(Activity): For the listing below, print exactly the lines from the line with "Ensure brevity in" to the line with "Provide a short and direct response. 1.", both included, and nothing beyond them.

== == ==

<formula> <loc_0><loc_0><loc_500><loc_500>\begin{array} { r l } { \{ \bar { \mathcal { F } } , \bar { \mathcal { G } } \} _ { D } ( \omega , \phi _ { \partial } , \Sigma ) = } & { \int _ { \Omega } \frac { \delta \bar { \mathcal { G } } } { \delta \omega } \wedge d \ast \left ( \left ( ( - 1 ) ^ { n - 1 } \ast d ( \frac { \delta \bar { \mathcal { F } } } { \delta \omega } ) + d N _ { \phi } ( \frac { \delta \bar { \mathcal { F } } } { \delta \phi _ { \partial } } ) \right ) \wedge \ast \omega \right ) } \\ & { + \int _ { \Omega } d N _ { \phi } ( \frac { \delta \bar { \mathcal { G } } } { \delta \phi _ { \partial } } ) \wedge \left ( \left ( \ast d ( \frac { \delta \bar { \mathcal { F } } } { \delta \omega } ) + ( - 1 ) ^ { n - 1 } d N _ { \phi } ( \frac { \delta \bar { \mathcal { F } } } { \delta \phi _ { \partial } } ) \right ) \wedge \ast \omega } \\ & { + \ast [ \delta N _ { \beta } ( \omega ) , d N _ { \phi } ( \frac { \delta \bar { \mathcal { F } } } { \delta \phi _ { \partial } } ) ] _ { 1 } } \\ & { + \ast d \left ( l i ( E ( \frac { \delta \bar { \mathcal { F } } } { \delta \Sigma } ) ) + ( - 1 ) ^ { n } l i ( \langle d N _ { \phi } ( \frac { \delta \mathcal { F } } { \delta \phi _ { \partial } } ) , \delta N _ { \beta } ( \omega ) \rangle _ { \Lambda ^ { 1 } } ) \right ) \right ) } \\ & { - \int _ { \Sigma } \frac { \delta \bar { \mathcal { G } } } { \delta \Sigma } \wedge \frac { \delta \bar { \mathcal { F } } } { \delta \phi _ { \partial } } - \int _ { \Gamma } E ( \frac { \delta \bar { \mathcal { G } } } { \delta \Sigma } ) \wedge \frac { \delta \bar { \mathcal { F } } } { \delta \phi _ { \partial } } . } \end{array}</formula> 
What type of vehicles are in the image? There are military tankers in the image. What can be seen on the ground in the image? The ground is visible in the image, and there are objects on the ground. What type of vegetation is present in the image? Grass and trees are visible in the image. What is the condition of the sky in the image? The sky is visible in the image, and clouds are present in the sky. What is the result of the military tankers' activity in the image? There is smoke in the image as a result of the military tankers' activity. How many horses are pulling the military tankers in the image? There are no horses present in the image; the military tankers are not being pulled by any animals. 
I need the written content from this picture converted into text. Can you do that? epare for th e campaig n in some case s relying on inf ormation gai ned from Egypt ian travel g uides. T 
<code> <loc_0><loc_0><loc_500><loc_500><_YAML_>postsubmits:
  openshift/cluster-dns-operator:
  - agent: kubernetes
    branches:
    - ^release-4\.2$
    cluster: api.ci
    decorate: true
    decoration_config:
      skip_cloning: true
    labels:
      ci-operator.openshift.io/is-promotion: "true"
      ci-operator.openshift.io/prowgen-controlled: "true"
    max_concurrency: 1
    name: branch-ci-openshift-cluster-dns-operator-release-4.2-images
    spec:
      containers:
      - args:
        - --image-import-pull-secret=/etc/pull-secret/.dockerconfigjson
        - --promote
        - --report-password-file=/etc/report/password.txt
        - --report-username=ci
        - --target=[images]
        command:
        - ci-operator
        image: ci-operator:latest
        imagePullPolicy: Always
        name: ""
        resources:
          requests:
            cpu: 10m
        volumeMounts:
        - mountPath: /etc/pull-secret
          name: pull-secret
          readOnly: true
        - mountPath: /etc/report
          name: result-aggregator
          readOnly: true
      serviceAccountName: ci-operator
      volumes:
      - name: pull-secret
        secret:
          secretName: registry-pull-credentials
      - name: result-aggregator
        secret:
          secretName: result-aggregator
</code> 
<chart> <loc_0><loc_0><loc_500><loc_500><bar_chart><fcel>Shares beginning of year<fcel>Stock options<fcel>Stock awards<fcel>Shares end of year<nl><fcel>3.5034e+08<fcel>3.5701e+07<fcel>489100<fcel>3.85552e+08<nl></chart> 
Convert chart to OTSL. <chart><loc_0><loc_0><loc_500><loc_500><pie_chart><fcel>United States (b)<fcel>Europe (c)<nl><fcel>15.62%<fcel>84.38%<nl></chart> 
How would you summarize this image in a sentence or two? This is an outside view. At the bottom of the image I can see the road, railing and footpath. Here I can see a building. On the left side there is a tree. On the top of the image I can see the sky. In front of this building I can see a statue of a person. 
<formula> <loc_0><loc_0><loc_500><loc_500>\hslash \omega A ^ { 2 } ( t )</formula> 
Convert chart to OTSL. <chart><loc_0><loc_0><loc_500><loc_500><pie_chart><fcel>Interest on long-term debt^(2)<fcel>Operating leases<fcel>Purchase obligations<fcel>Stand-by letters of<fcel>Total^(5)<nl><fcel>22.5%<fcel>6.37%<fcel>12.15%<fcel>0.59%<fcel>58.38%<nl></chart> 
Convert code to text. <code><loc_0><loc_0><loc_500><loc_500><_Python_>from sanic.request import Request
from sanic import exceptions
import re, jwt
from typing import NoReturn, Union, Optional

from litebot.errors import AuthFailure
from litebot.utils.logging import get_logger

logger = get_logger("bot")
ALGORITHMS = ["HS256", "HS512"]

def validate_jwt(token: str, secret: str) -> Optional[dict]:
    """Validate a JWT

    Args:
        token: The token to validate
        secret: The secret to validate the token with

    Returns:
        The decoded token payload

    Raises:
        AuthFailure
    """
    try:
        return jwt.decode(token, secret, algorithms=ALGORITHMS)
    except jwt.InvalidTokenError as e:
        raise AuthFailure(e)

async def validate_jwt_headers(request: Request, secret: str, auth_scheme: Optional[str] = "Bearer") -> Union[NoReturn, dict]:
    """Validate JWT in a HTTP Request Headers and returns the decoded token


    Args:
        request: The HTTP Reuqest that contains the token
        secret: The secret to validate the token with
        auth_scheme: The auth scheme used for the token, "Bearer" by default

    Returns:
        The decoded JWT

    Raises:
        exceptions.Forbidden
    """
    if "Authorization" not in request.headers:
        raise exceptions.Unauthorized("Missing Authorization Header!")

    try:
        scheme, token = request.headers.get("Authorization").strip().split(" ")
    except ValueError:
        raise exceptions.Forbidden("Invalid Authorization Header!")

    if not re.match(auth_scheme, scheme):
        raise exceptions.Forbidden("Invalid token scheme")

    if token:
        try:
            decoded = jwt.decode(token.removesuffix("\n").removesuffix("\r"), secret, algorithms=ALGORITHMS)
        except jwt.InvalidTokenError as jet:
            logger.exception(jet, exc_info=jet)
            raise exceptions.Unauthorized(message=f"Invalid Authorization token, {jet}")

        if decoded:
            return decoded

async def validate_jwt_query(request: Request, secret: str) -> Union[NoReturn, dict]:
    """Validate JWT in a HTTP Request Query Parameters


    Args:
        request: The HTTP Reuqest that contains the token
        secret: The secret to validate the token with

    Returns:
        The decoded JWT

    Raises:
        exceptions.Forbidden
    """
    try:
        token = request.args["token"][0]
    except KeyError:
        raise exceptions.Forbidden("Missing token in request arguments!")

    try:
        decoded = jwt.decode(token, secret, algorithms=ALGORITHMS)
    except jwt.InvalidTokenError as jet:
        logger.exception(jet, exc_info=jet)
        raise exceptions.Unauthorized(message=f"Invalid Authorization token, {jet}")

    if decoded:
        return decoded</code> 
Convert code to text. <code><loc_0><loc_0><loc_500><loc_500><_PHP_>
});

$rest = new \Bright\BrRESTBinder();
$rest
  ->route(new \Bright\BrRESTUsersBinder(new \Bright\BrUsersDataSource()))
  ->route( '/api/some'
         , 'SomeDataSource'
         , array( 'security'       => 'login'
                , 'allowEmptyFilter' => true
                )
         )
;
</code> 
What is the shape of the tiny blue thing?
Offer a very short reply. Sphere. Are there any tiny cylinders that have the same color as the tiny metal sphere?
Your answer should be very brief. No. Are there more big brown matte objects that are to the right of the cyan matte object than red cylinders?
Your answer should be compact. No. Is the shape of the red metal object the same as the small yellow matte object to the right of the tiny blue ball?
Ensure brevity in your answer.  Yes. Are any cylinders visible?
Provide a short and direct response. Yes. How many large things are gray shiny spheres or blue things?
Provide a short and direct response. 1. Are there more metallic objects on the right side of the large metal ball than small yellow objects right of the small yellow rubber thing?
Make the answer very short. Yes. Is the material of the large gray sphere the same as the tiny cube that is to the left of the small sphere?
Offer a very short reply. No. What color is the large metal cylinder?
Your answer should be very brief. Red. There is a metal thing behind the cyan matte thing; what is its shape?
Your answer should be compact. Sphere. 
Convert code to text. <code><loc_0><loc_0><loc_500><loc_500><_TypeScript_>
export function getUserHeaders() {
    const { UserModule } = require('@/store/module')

== == ==

(Result below):
Ensure brevity in your answer.  Yes. Are any cylinders visible?
Provide a short and direct response. Yes. How many large things are gray shiny spheres or blue things?
Provide a short and direct response. 1. Are there more metallic objects on the right side of the large metal ball than small yellow objects right of the small yellow rubber thing?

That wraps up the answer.